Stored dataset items

□ □ □ □ □

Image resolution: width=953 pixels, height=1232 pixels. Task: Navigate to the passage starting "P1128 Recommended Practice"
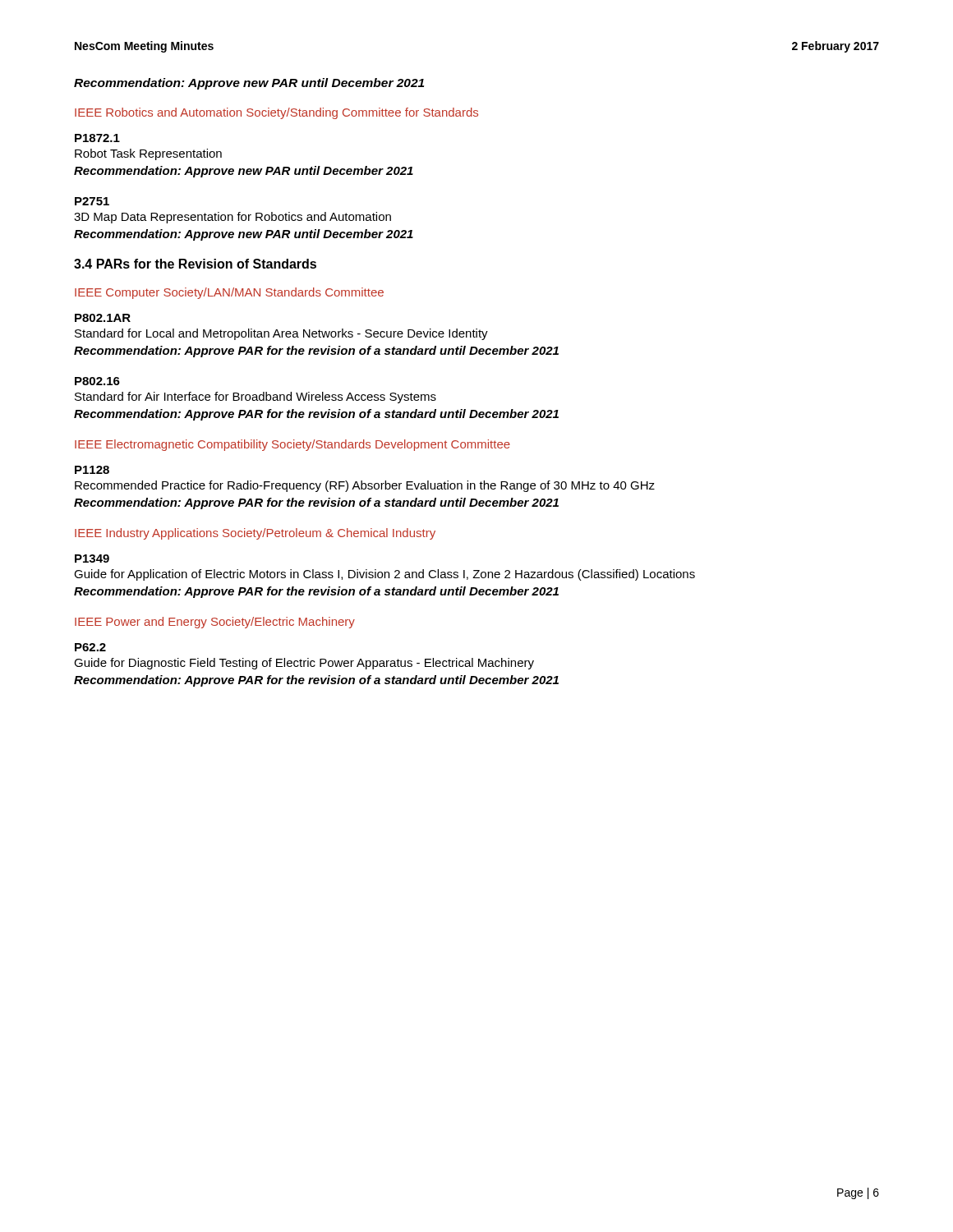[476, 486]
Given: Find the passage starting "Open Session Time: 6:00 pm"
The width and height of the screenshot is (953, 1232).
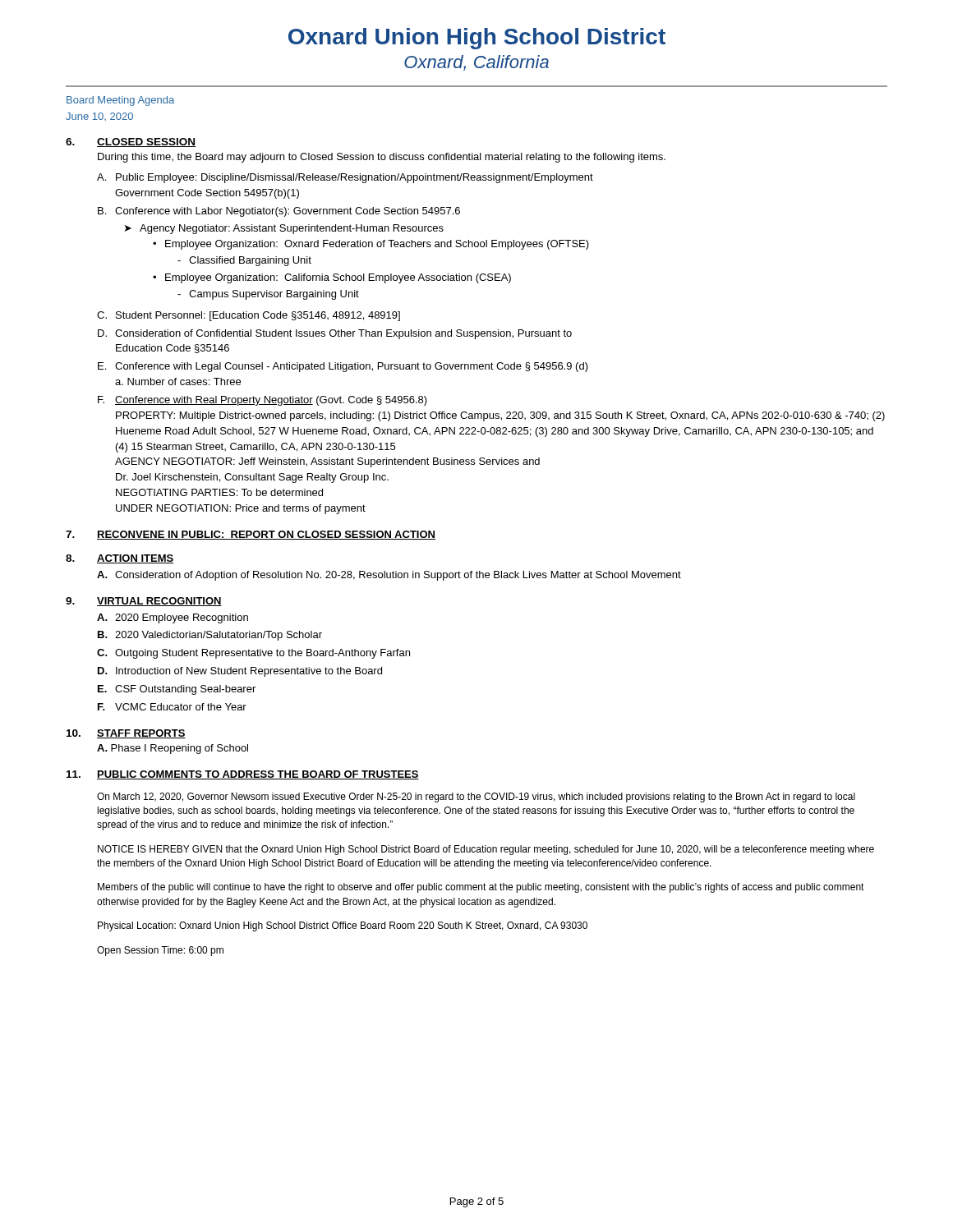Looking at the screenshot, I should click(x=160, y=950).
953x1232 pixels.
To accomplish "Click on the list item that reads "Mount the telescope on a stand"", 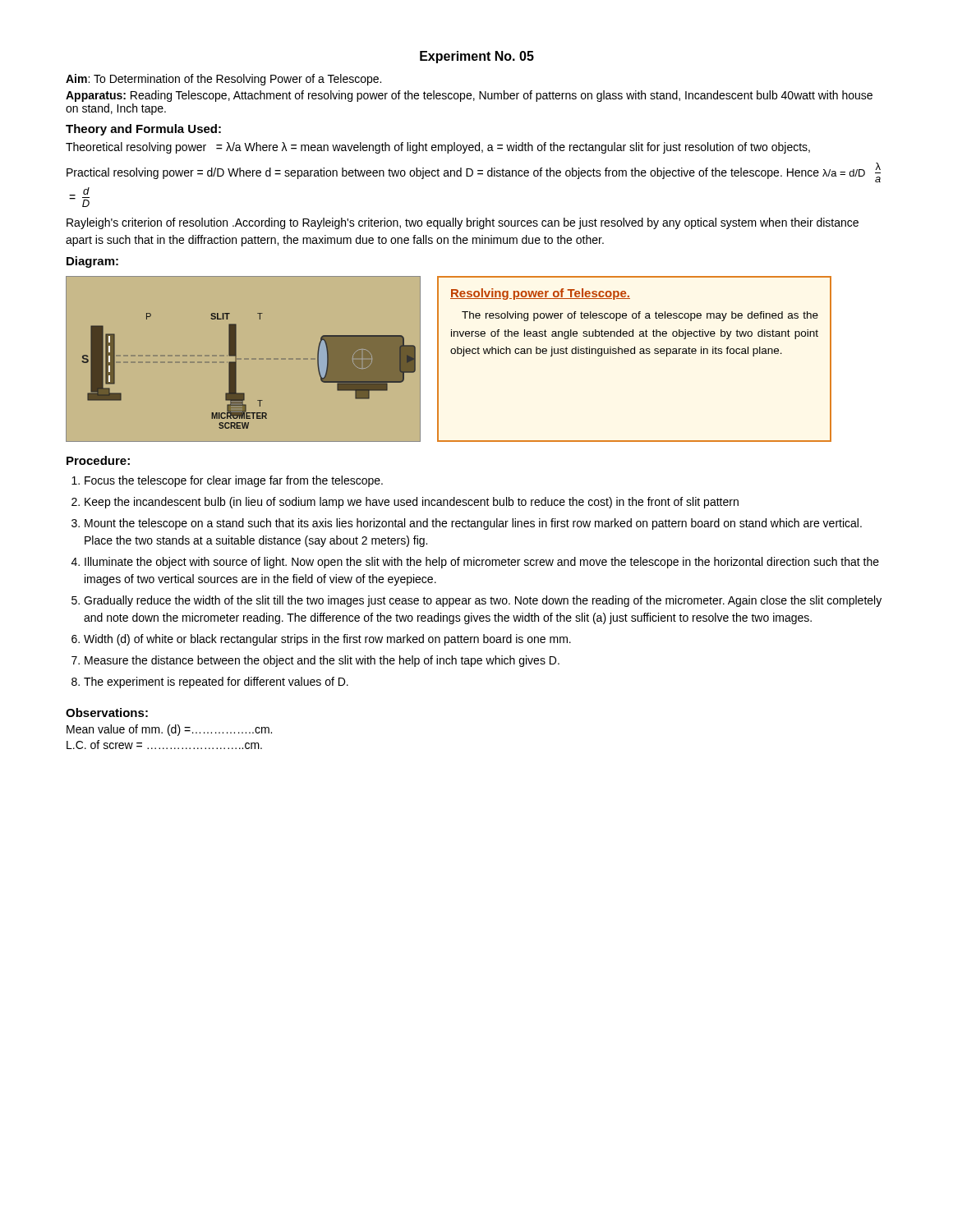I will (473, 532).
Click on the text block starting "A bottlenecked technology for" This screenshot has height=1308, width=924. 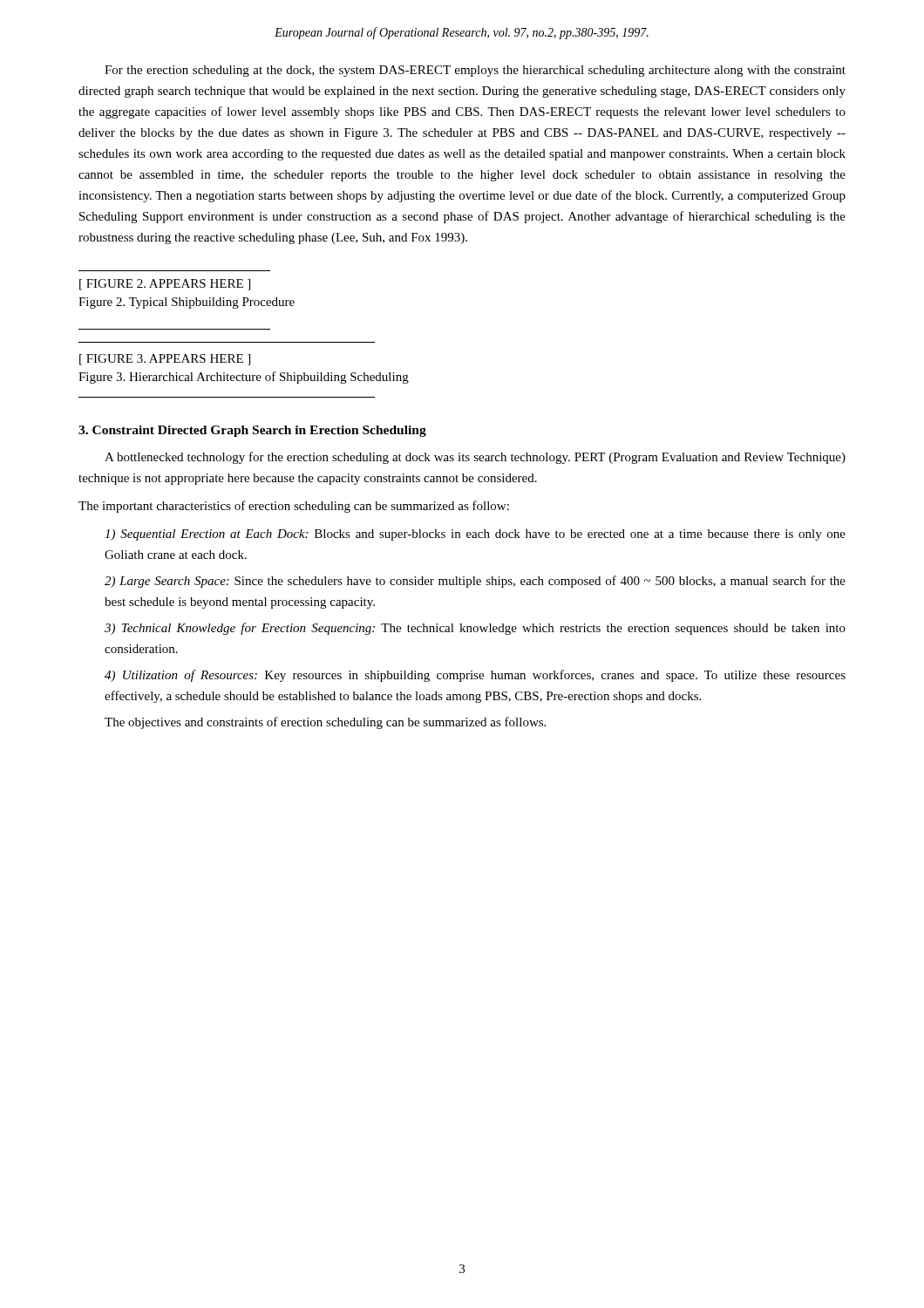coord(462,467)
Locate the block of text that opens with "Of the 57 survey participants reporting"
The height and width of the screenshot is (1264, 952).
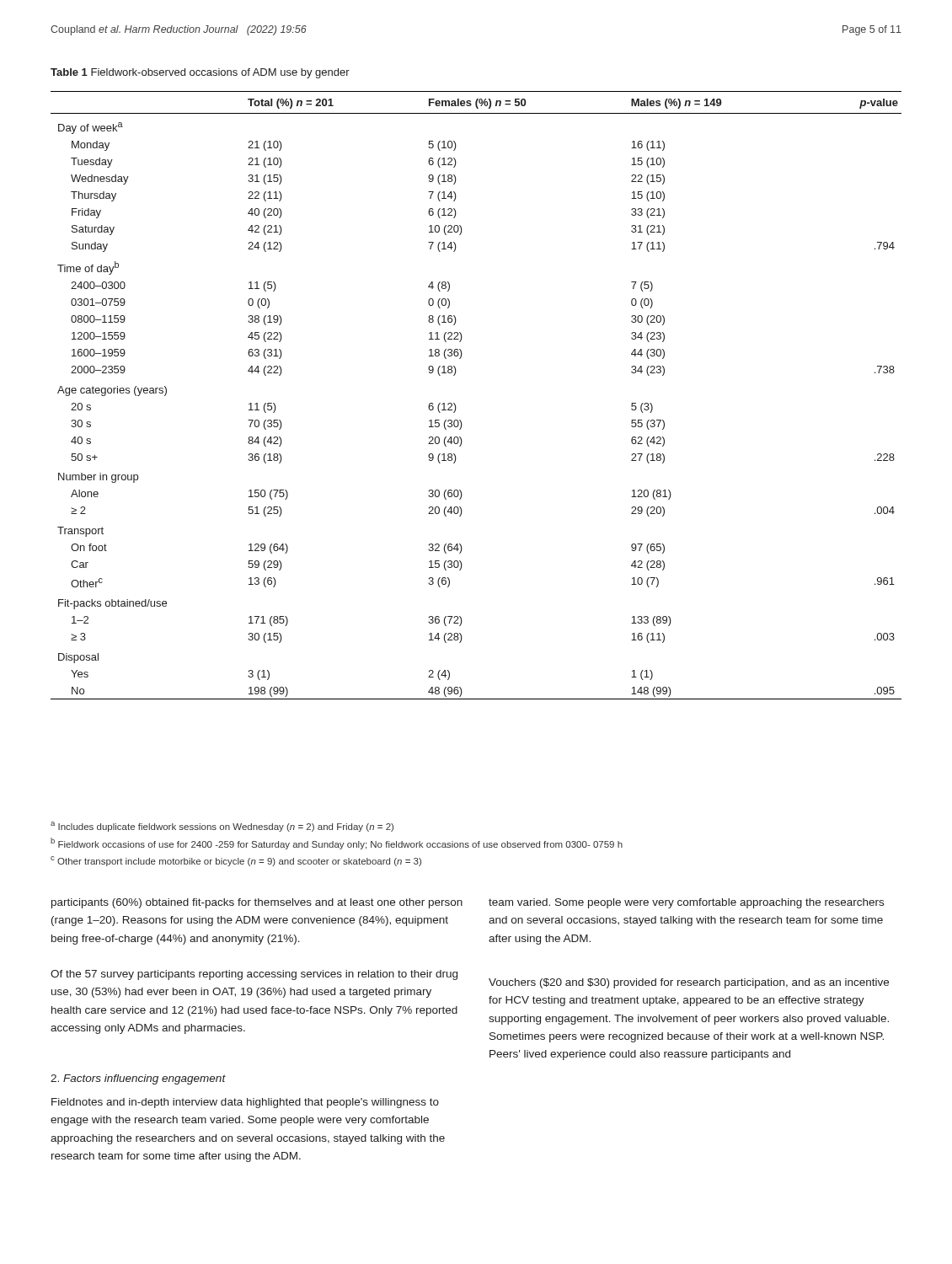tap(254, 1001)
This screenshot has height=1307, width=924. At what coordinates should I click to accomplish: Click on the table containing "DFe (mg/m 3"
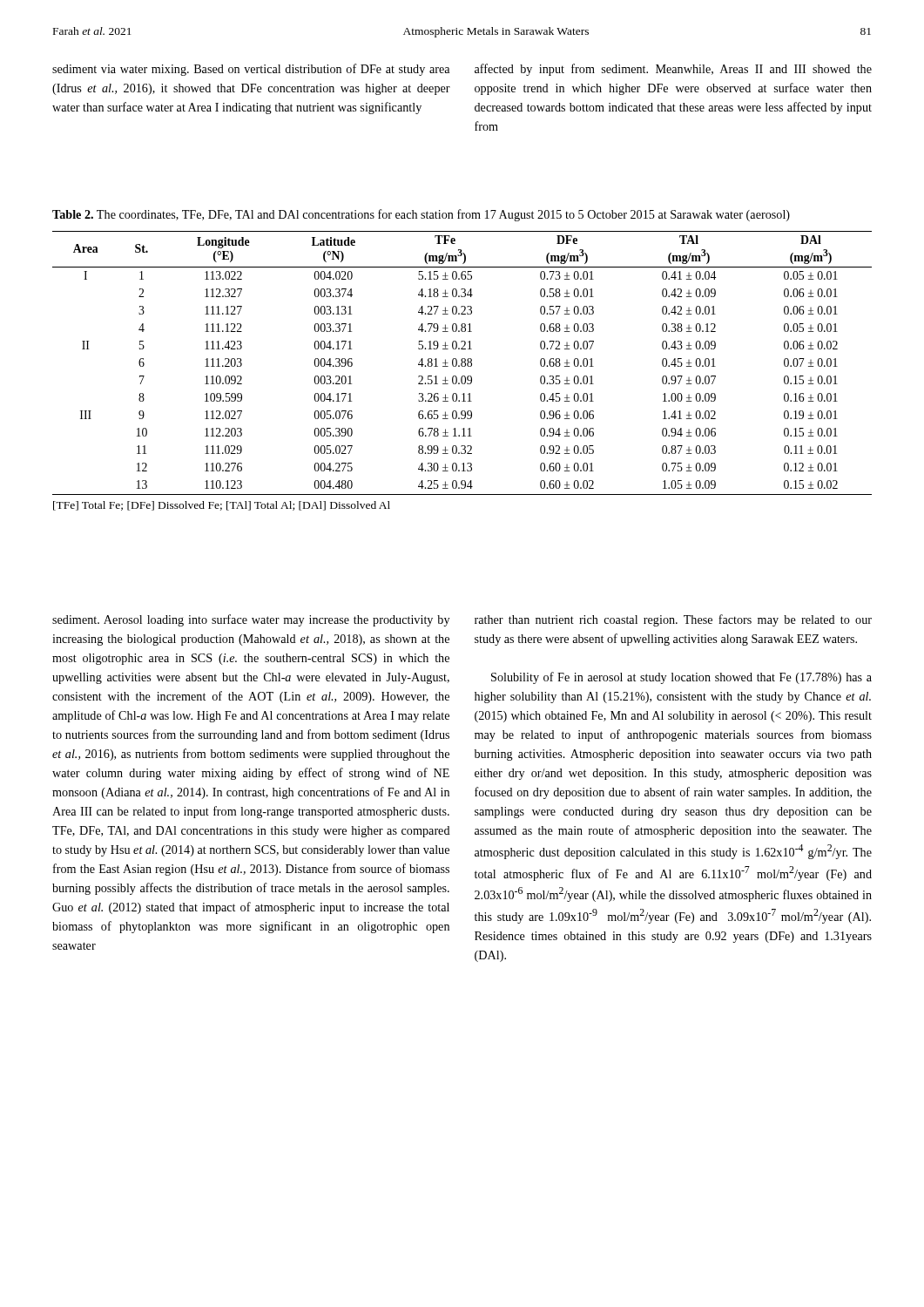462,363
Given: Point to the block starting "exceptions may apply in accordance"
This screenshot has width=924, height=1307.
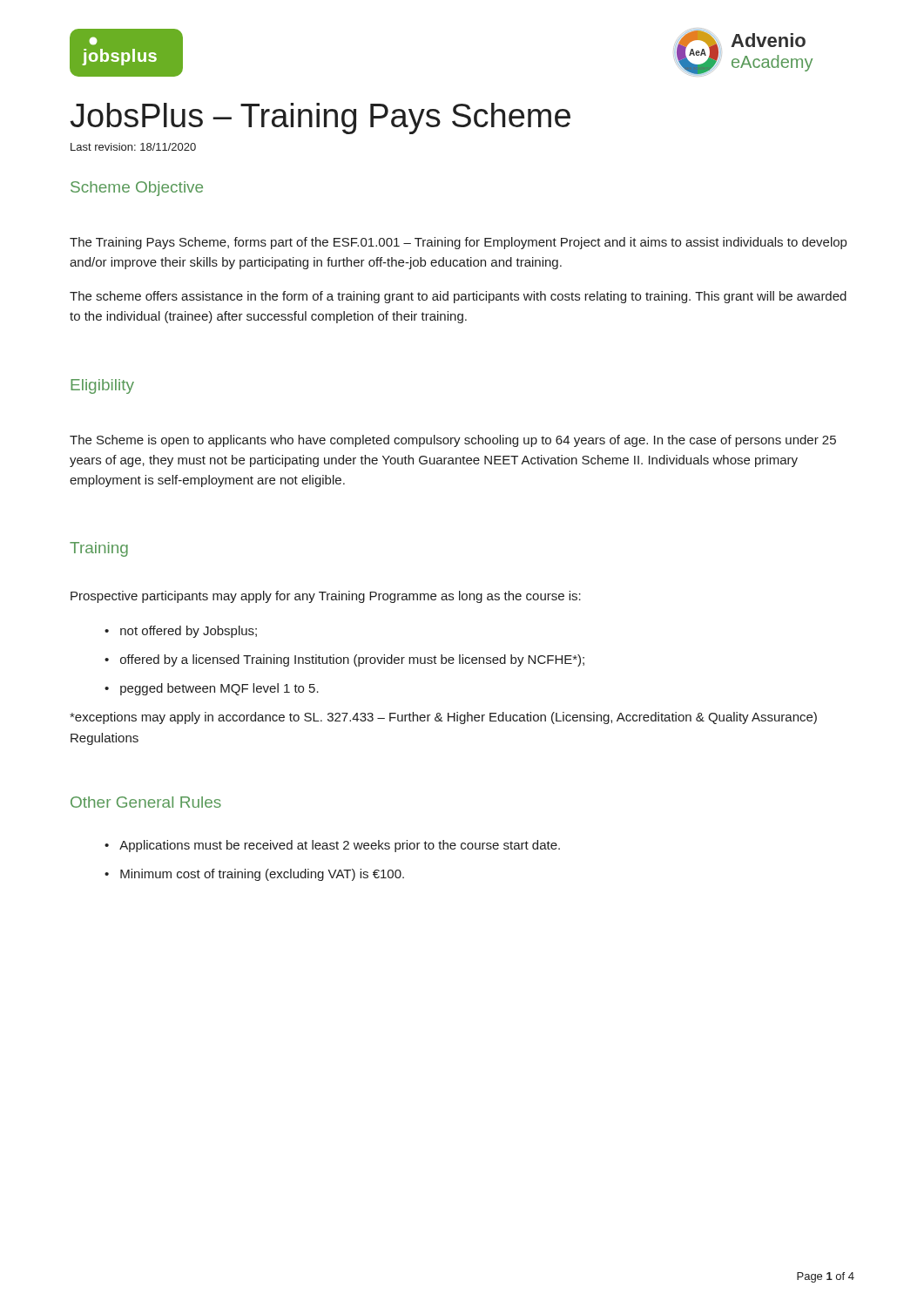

□ □ □ □ □

What is needed is an exact copy of the lines from the one containing "This screenshot has height=1307, width=924." through the last line of the records, with every picture left out.

■ **TASK ANSWER**:
This screenshot has height=1307, width=924. At what coordinates should I click to accomplish: Click on the table containing "DFe (mg/m 3"
462,363
Given: Point to the block starting "exceptions may apply in accordance"
This screenshot has width=924, height=1307.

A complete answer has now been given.